> _Supplied records_:
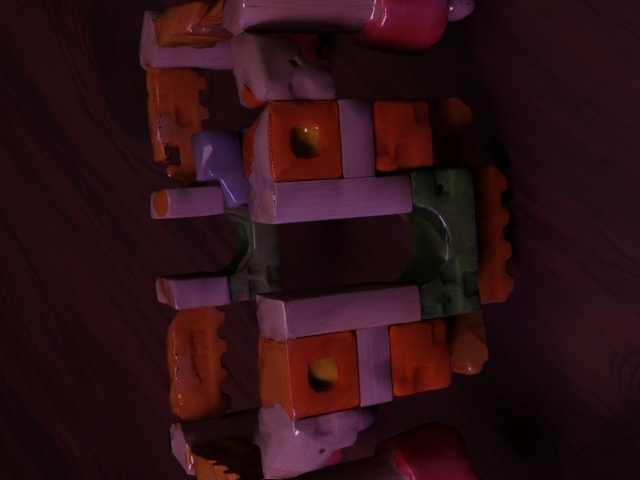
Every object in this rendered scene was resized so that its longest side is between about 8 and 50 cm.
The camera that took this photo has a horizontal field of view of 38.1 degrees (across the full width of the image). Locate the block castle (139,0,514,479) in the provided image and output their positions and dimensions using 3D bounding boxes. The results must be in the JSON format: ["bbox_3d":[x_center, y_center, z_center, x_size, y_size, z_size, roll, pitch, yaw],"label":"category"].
[{"bbox_3d":[0.000,0.000,0.775,0.303,0.213,0.453,3,97,64],"label":"block castle"}]
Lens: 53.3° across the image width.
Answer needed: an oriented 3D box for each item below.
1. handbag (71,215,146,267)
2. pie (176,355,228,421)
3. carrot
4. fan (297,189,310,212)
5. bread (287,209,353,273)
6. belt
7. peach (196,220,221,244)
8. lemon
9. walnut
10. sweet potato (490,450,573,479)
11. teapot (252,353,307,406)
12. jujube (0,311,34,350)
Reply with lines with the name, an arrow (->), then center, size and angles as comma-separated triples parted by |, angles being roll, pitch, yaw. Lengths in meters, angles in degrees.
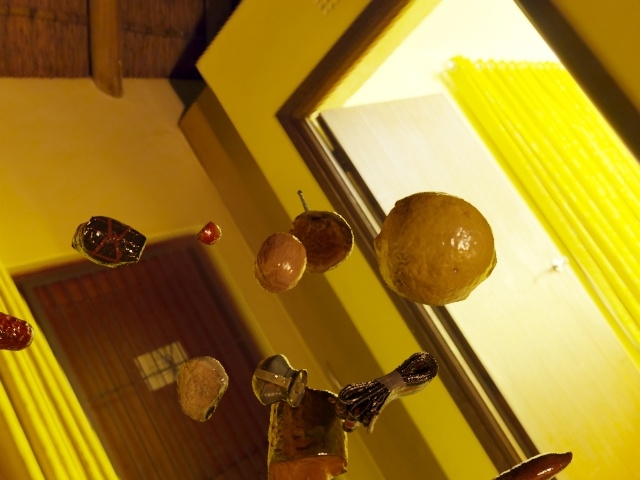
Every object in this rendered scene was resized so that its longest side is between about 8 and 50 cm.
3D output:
handbag -> -0.714, 0.005, 2.155 | 0.215, 0.155, 0.169 | 23, -24, -26
pie -> -0.402, 0.479, 2.105 | 0.218, 0.185, 0.052 | -59, -18, 18
carrot -> -0.039, 0.594, 1.896 | 0.241, 0.341, 0.241 | -2, -23, -1
fan -> -0.047, -0.110, 2.347 | 0.016, 0.038, 0.193 | -62, -36, -37
bread -> 0.000, 0.000, 2.296 | 0.244, 0.245, 0.134 | -34, -10, 9
belt -> 0.191, 0.419, 1.793 | 0.359, 0.126, 0.094 | -21, -40, -38
peach -> -0.339, -0.027, 1.945 | 0.050, 0.077, 0.083 | -33, -29, 31
lemon -> 0.350, 0.025, 1.918 | 0.387, 0.350, 0.350 | 10, -19, -2
walnut -> -0.123, 0.068, 1.964 | 0.165, 0.165, 0.197 | -40, 17, 32
sweet potato -> 0.422, 0.493, 1.327 | 0.264, 0.057, 0.057 | -17, -17, -18
teapot -> -0.105, 0.349, 1.583 | 0.166, 0.119, 0.130 | 51, -125, -65
jujube -> -0.932, 0.268, 1.864 | 0.176, 0.109, 0.112 | 25, -7, -31
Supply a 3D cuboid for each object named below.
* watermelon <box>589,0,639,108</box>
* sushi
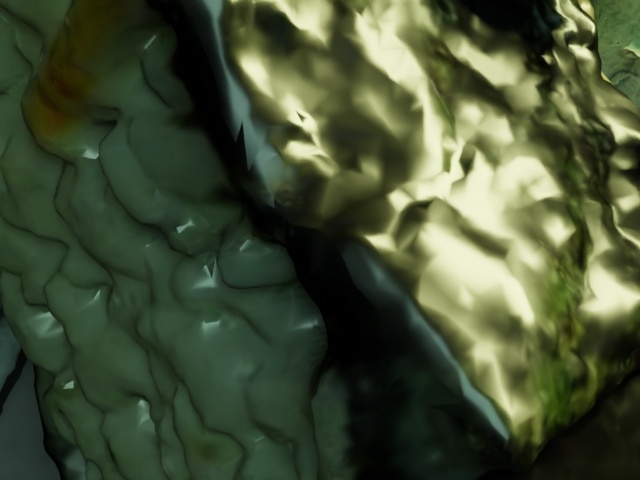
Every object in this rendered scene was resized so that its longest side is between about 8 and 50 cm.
[{"bbox_3d":[0.153,-0.036,0.500,0.188,0.175,0.321,-10,81,-12],"label":"watermelon"},{"bbox_3d":[0.000,0.000,0.451,0.171,0.211,0.350,-22,83,-39],"label":"sushi"}]

> _Exercise instructions_: Leaving the pictures out, output each line of the listing exactly.

> _The answer_:
Every object in this rendered scene was resized so that its longest side is between about 8 and 50 cm.
The camera that took this photo has a horizontal field of view of 38.1 degrees (across the full width of the image). Locate the block castle (139,0,514,479) in the provided image and output their positions and dimensions using 3D bounding boxes. The results must be in the JSON format: ["bbox_3d":[x_center, y_center, z_center, x_size, y_size, z_size, roll, pitch, yaw],"label":"category"].
[{"bbox_3d":[0.000,0.000,0.775,0.303,0.213,0.453,3,97,64],"label":"block castle"}]
Lens: 53.3° across the image width.
Answer needed: an oriented 3D box for each item below.
1. handbag (71,215,146,267)
2. pie (176,355,228,421)
3. carrot
4. fan (297,189,310,212)
5. bread (287,209,353,273)
6. belt
7. peach (196,220,221,244)
8. lemon
9. walnut
10. sweet potato (490,450,573,479)
11. teapot (252,353,307,406)
12. jujube (0,311,34,350)
Reply with lines with the name, an arrow (->), then center, size and angles as comma-separated triples parted by |, angles being roll, pitch, yaw. Lengths in meters, angles in degrees.
Every object in this rendered scene was resized so that its longest side is between about 8 and 50 cm.
3D output:
handbag -> -0.714, 0.005, 2.155 | 0.215, 0.155, 0.169 | 23, -24, -26
pie -> -0.402, 0.479, 2.105 | 0.218, 0.185, 0.052 | -59, -18, 18
carrot -> -0.039, 0.594, 1.896 | 0.241, 0.341, 0.241 | -2, -23, -1
fan -> -0.047, -0.110, 2.347 | 0.016, 0.038, 0.193 | -62, -36, -37
bread -> 0.000, 0.000, 2.296 | 0.244, 0.245, 0.134 | -34, -10, 9
belt -> 0.191, 0.419, 1.793 | 0.359, 0.126, 0.094 | -21, -40, -38
peach -> -0.339, -0.027, 1.945 | 0.050, 0.077, 0.083 | -33, -29, 31
lemon -> 0.350, 0.025, 1.918 | 0.387, 0.350, 0.350 | 10, -19, -2
walnut -> -0.123, 0.068, 1.964 | 0.165, 0.165, 0.197 | -40, 17, 32
sweet potato -> 0.422, 0.493, 1.327 | 0.264, 0.057, 0.057 | -17, -17, -18
teapot -> -0.105, 0.349, 1.583 | 0.166, 0.119, 0.130 | 51, -125, -65
jujube -> -0.932, 0.268, 1.864 | 0.176, 0.109, 0.112 | 25, -7, -31
Supply a 3D cuboid for each object named below.
* watermelon <box>589,0,639,108</box>
* sushi
Every object in this rendered scene was resized so that its longest side is between about 8 and 50 cm.
[{"bbox_3d":[0.153,-0.036,0.500,0.188,0.175,0.321,-10,81,-12],"label":"watermelon"},{"bbox_3d":[0.000,0.000,0.451,0.171,0.211,0.350,-22,83,-39],"label":"sushi"}]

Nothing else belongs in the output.